In this study, we report the synthesis of ternary composite photocatalysts comprising the TiO2 nanotube loaded with Bi2MoO6 and g-C3N4 through simple solid combustion, hydrothermal and wetness impregnation methods. Subsequently, the photocatalytic efficiencies of the synthesized photocatalysts were investigated through the decolorization of reactive black 5 and methylene blue dyes under visible light and direct sunlight irradiation. The ternary composites demonstrate a higher photocatalytic activity in decolorizing dyes when compared with unitary and binary composite photocatalysts under the same reaction conditions.
2 Materials and methods
Commercial reagents were provided and used without further purification. Bismuth(III) nitrate pentahydrate (Bi(NO3)3·5H2O), sodium molybdate dihydrate (Na2MoO4·2H2O), and hydrochloric acid (HCl) were purchased from Sigma Aldrich (Saint Louis, MO, USA). Urea was procured from Bio Basic Inc. (Markham, ON, Canada). Commercial TiO2 P25 was purchased from Uni Region Biotech, USA. Methanol was purchased from M. Tedia Inc. (Fairfield, OH, USA). Sodium hydroxide (NaOH) was purchased from Nihon Shiyaku Reagent (Tokyo, Japan). Potassium bromide was procured from Fluka Analytical (Saint Louis, MO, USA). Reactive black 5 and methylene blue dyes were purchased from Merck Millipore (Darmstadt, Germany).
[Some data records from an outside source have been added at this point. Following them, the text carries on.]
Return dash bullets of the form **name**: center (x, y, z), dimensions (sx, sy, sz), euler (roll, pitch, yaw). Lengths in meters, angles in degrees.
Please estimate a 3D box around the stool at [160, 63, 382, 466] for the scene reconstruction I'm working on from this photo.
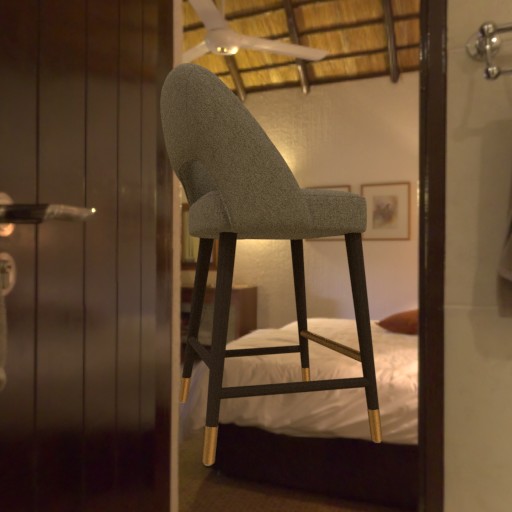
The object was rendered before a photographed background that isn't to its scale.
- **stool**: center (0.000, 0.000, 1.246), dimensions (0.524, 0.925, 0.536), euler (0, 0, -17)
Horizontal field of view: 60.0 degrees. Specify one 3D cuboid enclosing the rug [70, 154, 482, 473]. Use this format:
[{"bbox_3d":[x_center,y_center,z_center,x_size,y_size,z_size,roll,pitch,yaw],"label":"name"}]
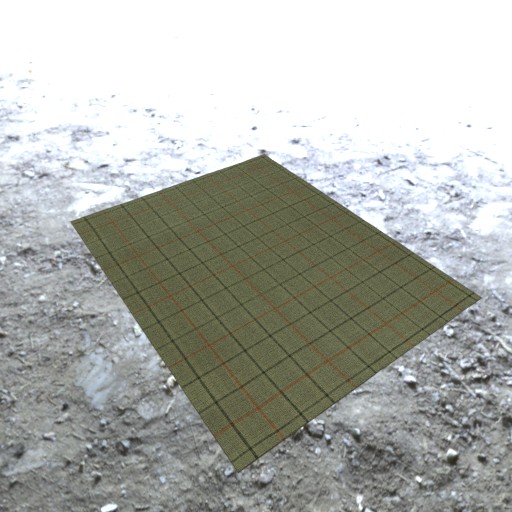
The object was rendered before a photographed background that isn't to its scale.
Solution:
[{"bbox_3d":[0.000,0.000,4.078,2.444,0.012,3.048,-25,47,-26],"label":"rug"}]
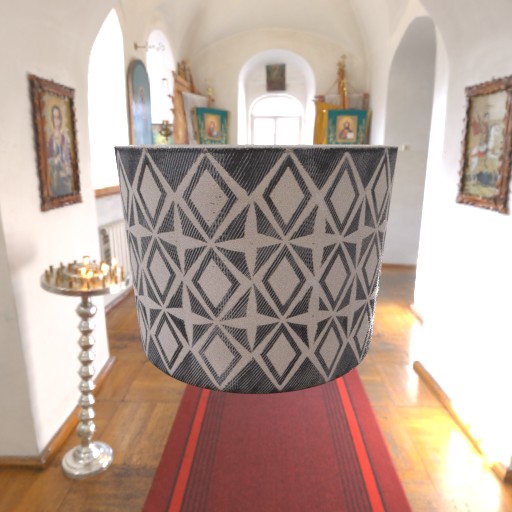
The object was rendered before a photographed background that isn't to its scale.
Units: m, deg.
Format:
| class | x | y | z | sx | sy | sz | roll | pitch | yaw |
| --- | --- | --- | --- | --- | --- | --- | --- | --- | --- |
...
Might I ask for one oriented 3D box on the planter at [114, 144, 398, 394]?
| class | x | y | z | sx | sy | sz | roll | pitch | yaw |
| --- | --- | --- | --- | --- | --- | --- | --- | --- | --- |
| planter | 0.000 | 0.000 | 0.452 | 0.260 | 0.220 | 0.260 | 0 | 14 | 0 |
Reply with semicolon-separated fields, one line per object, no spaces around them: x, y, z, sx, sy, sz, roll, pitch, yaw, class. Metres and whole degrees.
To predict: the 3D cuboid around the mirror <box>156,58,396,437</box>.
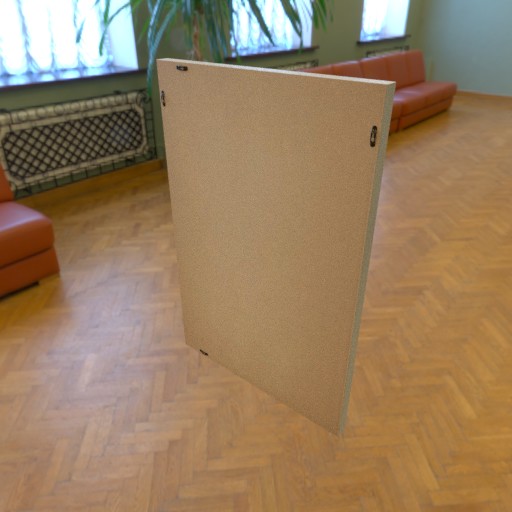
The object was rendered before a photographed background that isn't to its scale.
0.000;0.000;1.167;0.609;0.915;0.041;22;36;33;mirror
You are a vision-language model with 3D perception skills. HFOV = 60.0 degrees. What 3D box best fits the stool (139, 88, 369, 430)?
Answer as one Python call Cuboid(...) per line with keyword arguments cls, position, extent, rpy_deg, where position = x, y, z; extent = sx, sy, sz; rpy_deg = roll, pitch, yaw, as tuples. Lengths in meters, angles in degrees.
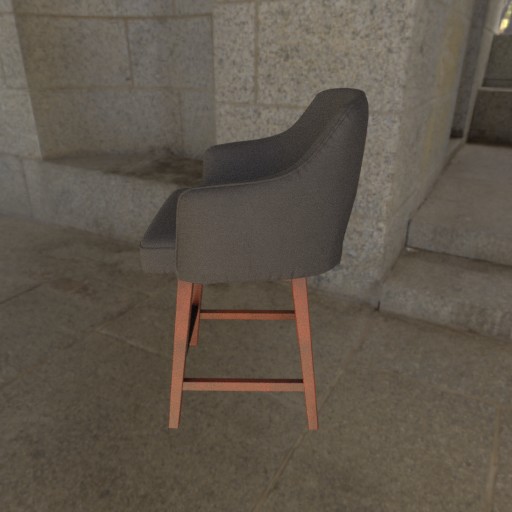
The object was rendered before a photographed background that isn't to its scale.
Cuboid(cls="stool", position=(0.000, 0.000, 1.296), extent=(0.558, 0.912, 0.548), rpy_deg=(0, 24, 1))
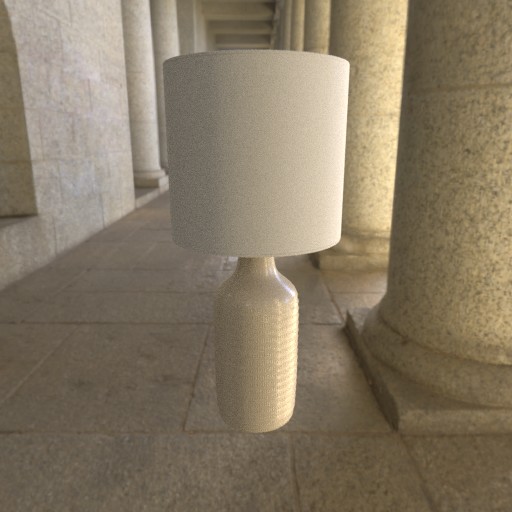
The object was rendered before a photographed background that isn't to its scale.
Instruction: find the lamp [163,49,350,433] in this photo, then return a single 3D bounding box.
[{"bbox_3d":[0.000,0.000,0.597,0.220,0.475,0.220,-8,18,-28],"label":"lamp"}]
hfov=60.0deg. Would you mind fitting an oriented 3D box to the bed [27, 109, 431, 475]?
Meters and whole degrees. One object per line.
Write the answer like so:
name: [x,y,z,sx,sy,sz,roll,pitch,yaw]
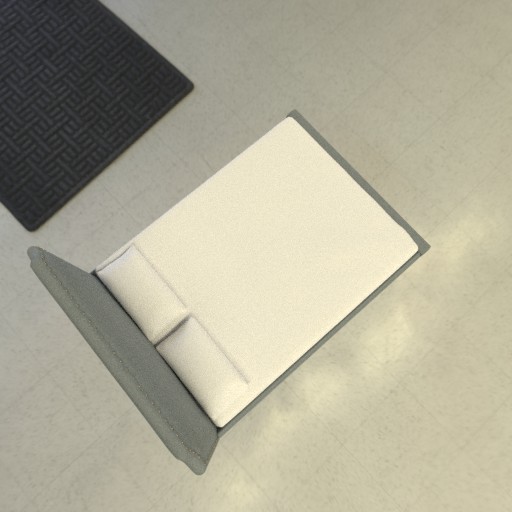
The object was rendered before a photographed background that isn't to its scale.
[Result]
bed: [0.000,0.000,3.349,2.372,1.443,1.712,-40,80,-9]
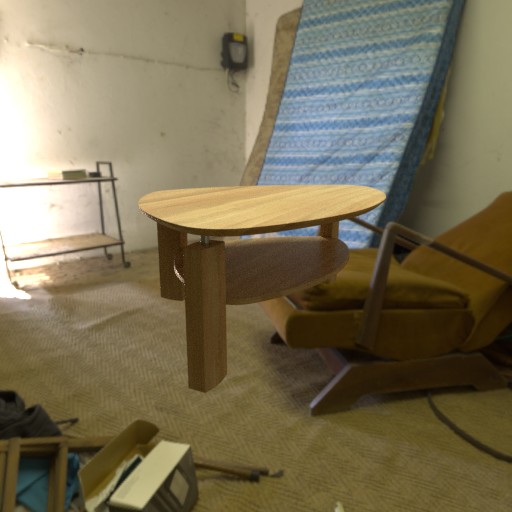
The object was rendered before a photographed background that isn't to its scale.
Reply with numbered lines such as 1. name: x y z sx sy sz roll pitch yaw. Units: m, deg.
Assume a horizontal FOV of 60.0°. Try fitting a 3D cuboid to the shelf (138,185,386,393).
1. shelf: 0.000 0.000 1.632 0.863 0.439 1.240 7 16 26
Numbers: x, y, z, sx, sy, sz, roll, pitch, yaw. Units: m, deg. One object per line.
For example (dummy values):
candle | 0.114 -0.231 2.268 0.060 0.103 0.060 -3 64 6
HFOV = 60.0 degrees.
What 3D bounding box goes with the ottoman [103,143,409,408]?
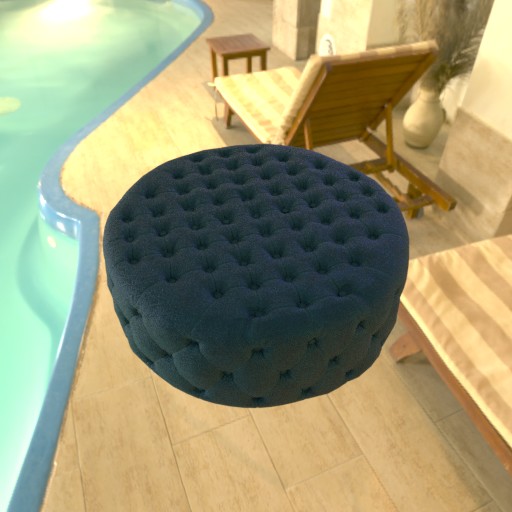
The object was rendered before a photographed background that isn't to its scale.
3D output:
ottoman | 0.000 0.000 1.536 0.998 0.398 0.998 0 42 0
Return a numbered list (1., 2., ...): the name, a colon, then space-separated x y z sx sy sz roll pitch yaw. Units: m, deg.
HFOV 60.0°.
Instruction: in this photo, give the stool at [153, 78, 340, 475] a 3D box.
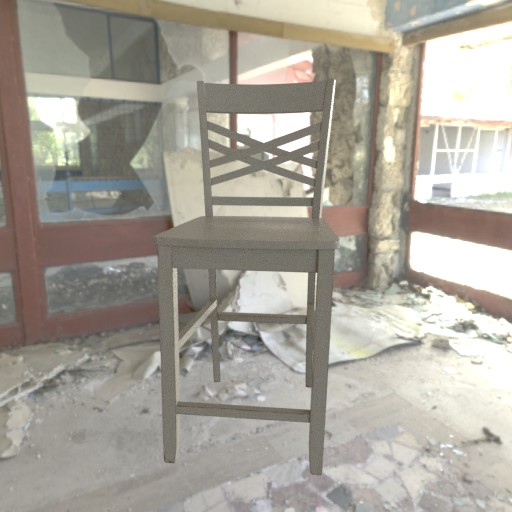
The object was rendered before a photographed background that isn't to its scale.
1. stool: 0.000 0.000 1.341 0.462 1.079 0.539 2 13 7
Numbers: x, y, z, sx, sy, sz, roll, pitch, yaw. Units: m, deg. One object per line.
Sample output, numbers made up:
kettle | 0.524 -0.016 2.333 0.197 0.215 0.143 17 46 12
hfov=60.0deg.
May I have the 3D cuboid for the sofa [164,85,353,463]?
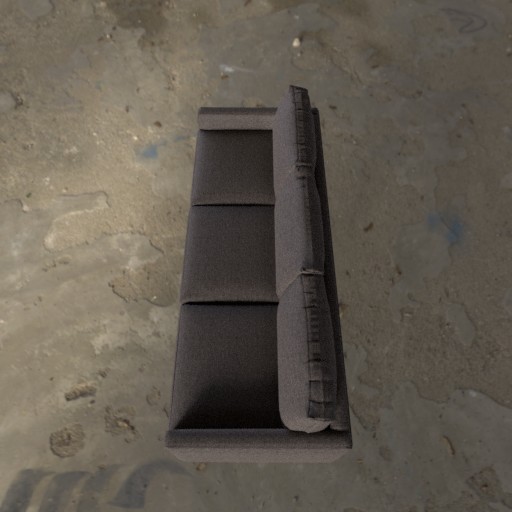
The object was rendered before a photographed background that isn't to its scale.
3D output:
sofa | 0.000 0.000 2.694 0.876 0.882 2.253 0 59 0
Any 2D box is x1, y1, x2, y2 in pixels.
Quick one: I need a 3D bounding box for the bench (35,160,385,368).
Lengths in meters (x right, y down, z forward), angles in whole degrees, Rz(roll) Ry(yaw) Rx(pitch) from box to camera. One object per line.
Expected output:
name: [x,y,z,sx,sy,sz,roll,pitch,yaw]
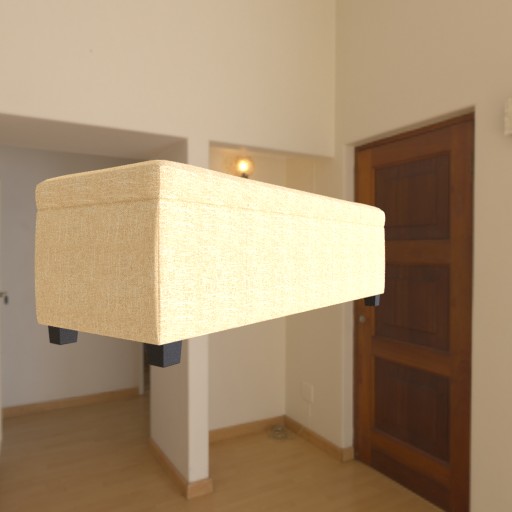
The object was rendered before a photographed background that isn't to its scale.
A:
bench: [0.000,0.000,1.417,0.432,0.406,1.219,1,1,35]
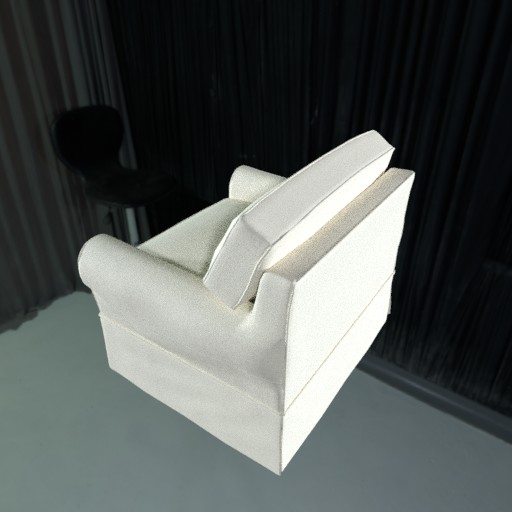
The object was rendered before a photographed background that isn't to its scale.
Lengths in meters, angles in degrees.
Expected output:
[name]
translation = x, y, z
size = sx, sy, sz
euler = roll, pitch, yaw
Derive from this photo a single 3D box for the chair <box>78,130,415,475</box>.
[chair]
translation = 0.000, 0.000, 1.825
size = 0.904, 0.958, 1.099
euler = 20, 36, 29
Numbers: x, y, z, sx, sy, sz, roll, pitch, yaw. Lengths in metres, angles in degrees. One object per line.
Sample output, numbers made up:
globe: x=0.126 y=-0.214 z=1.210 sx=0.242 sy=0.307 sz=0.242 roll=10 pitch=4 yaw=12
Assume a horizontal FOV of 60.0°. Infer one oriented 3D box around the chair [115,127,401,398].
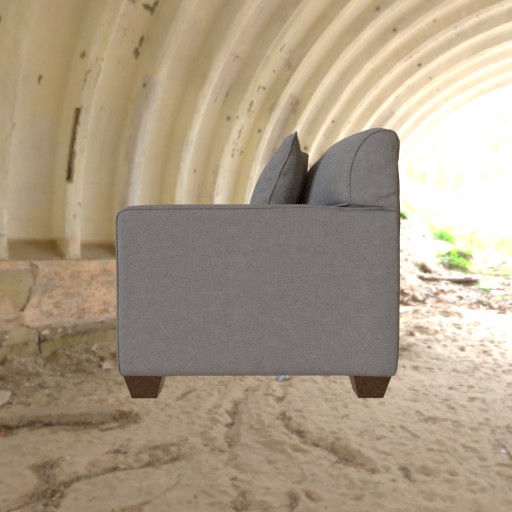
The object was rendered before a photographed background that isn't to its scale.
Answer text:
chair: x=0.000 y=0.000 z=2.144 sx=0.992 sy=0.953 sz=1.395 roll=0 pitch=1 yaw=0
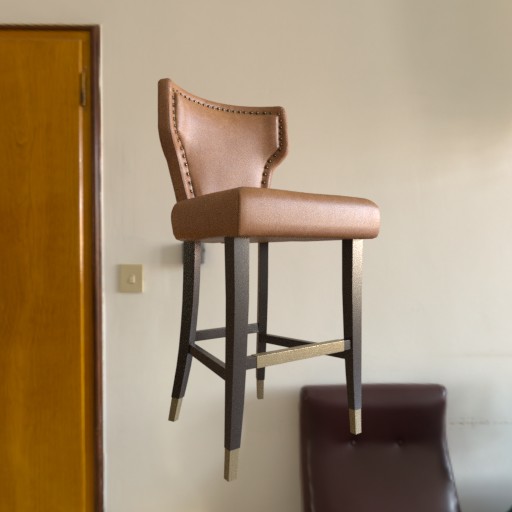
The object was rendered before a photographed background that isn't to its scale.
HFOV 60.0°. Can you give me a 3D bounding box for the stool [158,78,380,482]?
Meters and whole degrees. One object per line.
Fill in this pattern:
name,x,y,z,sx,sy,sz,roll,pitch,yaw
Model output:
stool,0.000,0.000,1.386,0.526,1.092,0.563,-1,1,-36
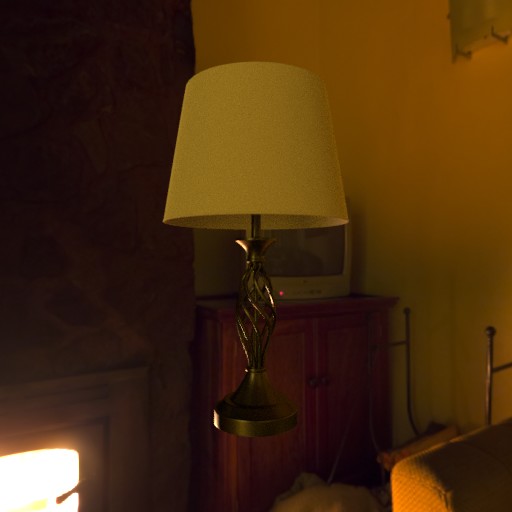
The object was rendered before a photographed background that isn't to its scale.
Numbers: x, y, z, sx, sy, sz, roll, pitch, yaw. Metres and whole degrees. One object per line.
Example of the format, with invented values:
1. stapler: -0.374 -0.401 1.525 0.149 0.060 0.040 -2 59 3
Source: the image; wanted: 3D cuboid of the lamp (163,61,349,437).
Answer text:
1. lamp: 0.000 0.000 0.803 0.331 0.594 0.331 0 0 0
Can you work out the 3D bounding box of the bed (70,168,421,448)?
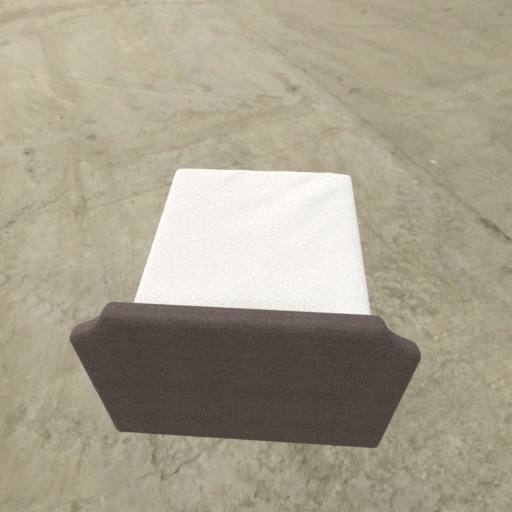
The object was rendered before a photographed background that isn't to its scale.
[{"bbox_3d":[0.000,0.000,3.135,1.693,1.290,2.116,3,46,3],"label":"bed"}]
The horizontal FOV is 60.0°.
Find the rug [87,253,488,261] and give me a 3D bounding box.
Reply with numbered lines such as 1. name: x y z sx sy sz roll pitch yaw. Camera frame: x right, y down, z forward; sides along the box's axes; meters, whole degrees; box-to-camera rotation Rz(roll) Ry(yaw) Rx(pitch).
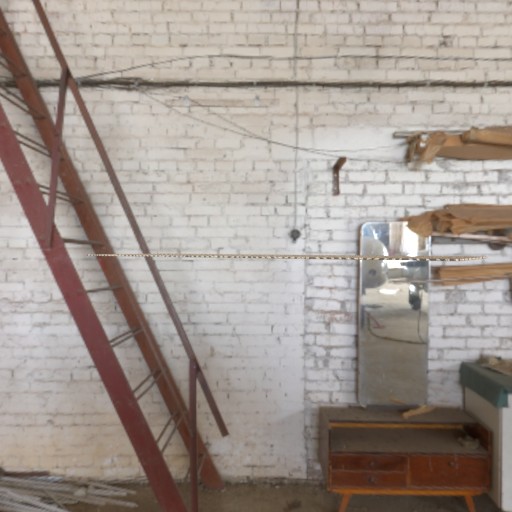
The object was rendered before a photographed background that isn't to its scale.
1. rug: 0.000 0.000 2.527 2.277 0.008 0.676 1 1 36

2.1 Synthesis of Bi2MoO6 nanoplate photocatalyst
Bi2MoO6 nanoplates were synthesized using a hydrothermal method [38]. A mixture of Bi(NO3)3·5H2O and Na2MoO4·2H2O was dissolved in deionized water, and then, the pH was adjusted to 6.0 by adding HCl. After that, it was stirred for 1 h at room temperature. The mixture was transferred to a Teflon-lined stainless steel autoclave and heated at 453 K for 20 h in an electric oven. After 24 h, the autoclave was cooled to room temperature. The obtained yellowish precipitate was centrifuged, washed with distilled water, and dried at 353 K for 24 h.
2.2 Synthesis of g-C3N4 photocatalyst
g-C3N4 was prepared through the direct calcination of urea [39]. Urea was placed in a crucible, which was covered with a lid and heated at 773 K for 3.5 h. Subsequently, the crucible was cooled to room temperature, and the obtained yellow g-C3N4 product was collected and stored for further composite synthesis.
2.3 Synthesis of TiO2 nanotube photocatalyst
The TiO2 nanotube was synthesized using TiO2 P25 nanoparticles through a hydrothermal method [40]. First, a commercial TiO2 P25 was added to a 10-N NaOH solution, and it was stirred vigorously at room temperature and transferred to a Teflon-lined stainless steel autoclave and heated at 403 K for 48 h. Afterward, the autoclave was allowed to cool to room temperature, and the obtained nanotube was centrifuged and washed with distilled water until the pH of the filtrate was approximately 6–7. Then, the nanotube was treated with 0.1 M HCl solution, which was later stirred overnight at room temperature. Thereafter, the nanotube was centrifuged, washed with distilled water, and dried in an oven at 343 K for 12 h. The dried nanotube was calcined in a tubular furnace at 523 K for 2 h and used for further composite synthesis.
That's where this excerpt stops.